In 2003, the U.S. Department of Justice filed a complaint against Girls Gone Wild alleging that the company failed to notify customers when they purchased subscriptions under a continuity program, rather than single DVDs. In 2004, GGW settled for $1.1 million and agreed to disclose all terms and get consent for recurring charges.

In 2006, Girls Gone Wild marketer MRA Holdings pleaded guilty to charges for failing to record the ages of its subjects in 2002 and 2003. The parties agreed to pay $2.1 million in restitution and fines.

In 2008, Ashley Dupré filed against Joe Francis and other defendants claiming that they filmed her without consent. She later dropped the suit, commenting through her attorney that she wanted to focus on positive opportunities in her life.

In 2008, a Missouri woman claimed that she was filmed without consent when a Girls Gone Wild contractor removed her halter top at a St. Louis bar. A jury found that she consented. On re-trial, a judge awarded the woman $5.77 million after the defense failed to show at court. On appeal, the judge upheld the verdict.

In March 2008, four women claimed that they suffered emotional distress by being shown in Girls Gone Wild film. In April 2011, a jury declined to award damages to the plaintiffs. However, in January 2015, Francis agreed to settle a separate 2003 lawsuit that involved allegations of him taping the exposed breasts of underage girls as part of Girls Gone Wild content. The 2015 civil settlement also involved Francis agreeing to serve 336 days in jail after accepting a no contest plea to criminal charges of child abuse and prostitution.

===Bankruptcy===
In 2013, GGW Brands LLC filed for Chapter 11 bankruptcy protection.

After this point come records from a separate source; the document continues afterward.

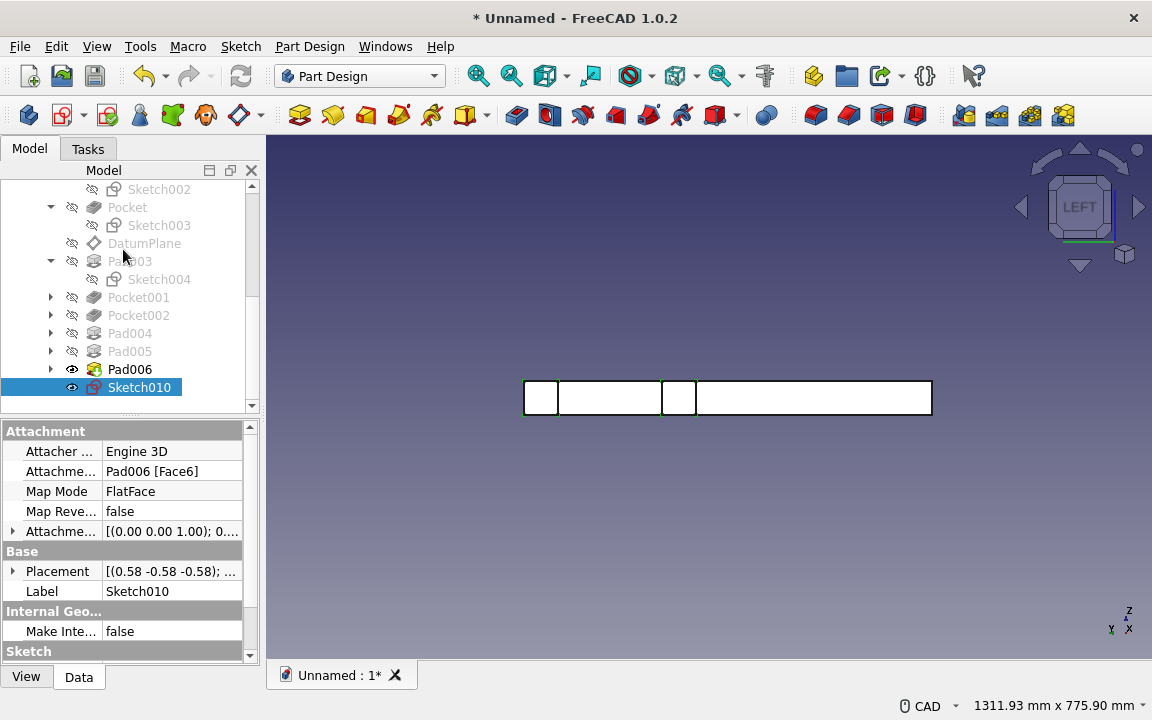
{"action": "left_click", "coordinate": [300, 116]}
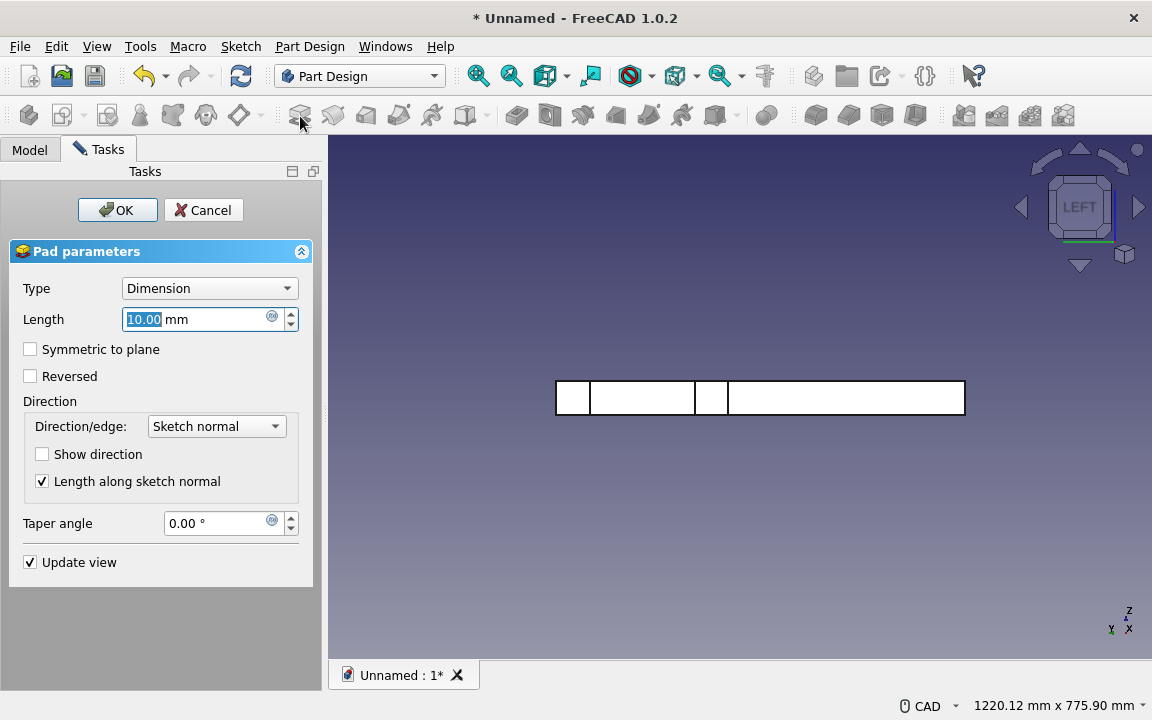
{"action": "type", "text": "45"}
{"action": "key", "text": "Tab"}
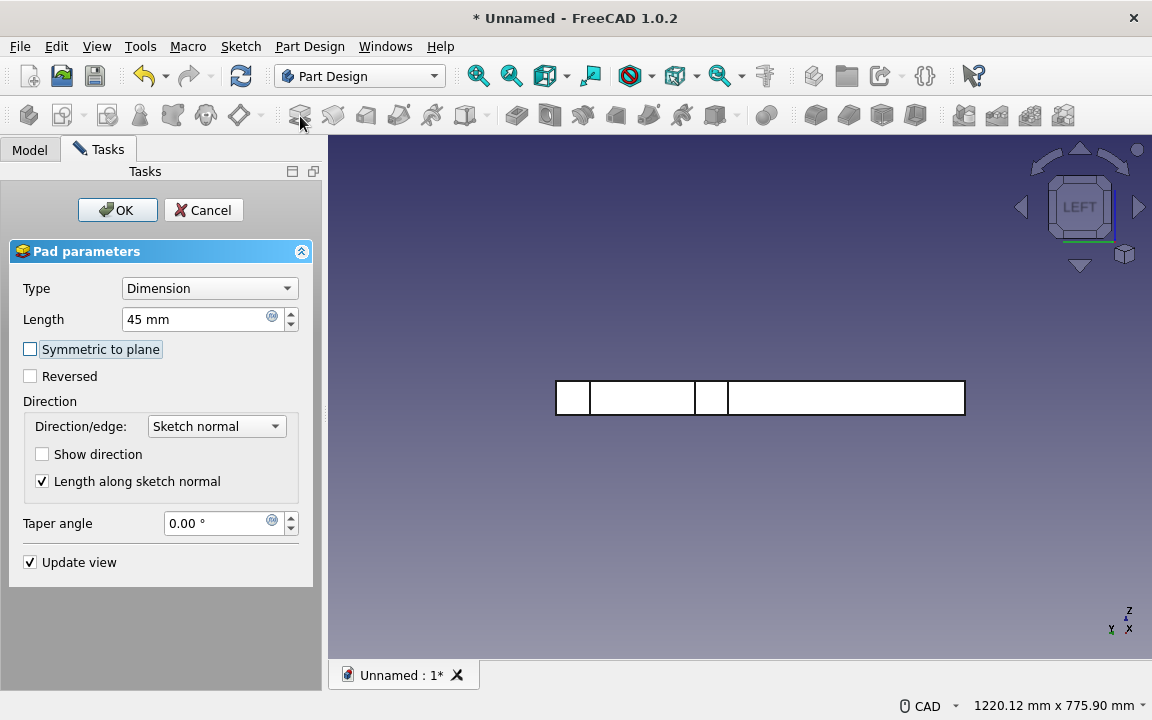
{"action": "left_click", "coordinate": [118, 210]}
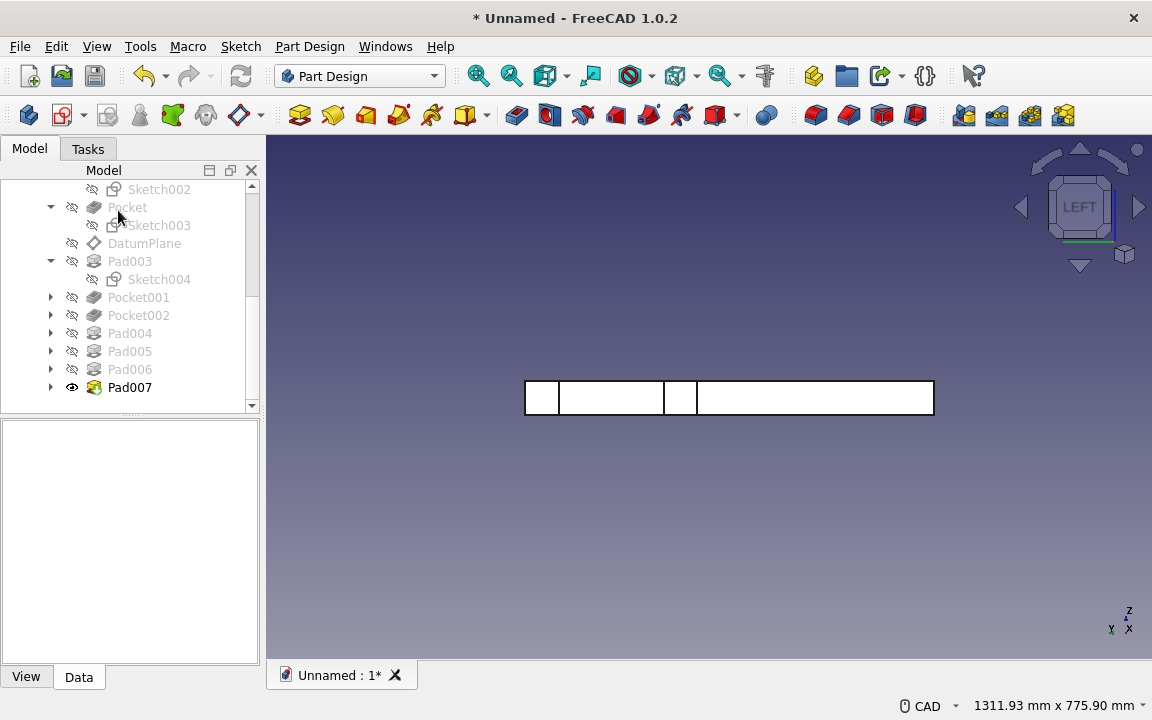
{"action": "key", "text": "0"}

===Accounts from alleged sex victims and Francis' departure from the United States===
An episode of the TNT true crime anthology series Rich & Shameless called Girls Gone Wild Exposed aired on TNT on April 23, 2022, and featured accounts from alleged victims of Joe Francis, as well as a recorded verbal altercation between Francis and his wife, who was revealed to now be estranged from him. On December 3, 2024, the three episode documentary series Girls Gone Wild: The Untold Story, which included details about the sex abuse allegations against Francis and Girls Gone Wild through the perspective of an investigation by Scaachi Koul, became available to stream on Peacock. Francis, who was among those interviewed for the documentary, was revealed to have been living outside of the United States in Mexico since 2015, where he was interviewed by Koul in 2022. In Girls Gone Wild: The Untold Story, multiple people, including a former Girls Gone Wild cameraman, alleged that Francis engaged in sex with minors, and that some of his sexual encounters, no matter the age, were nonconsensual.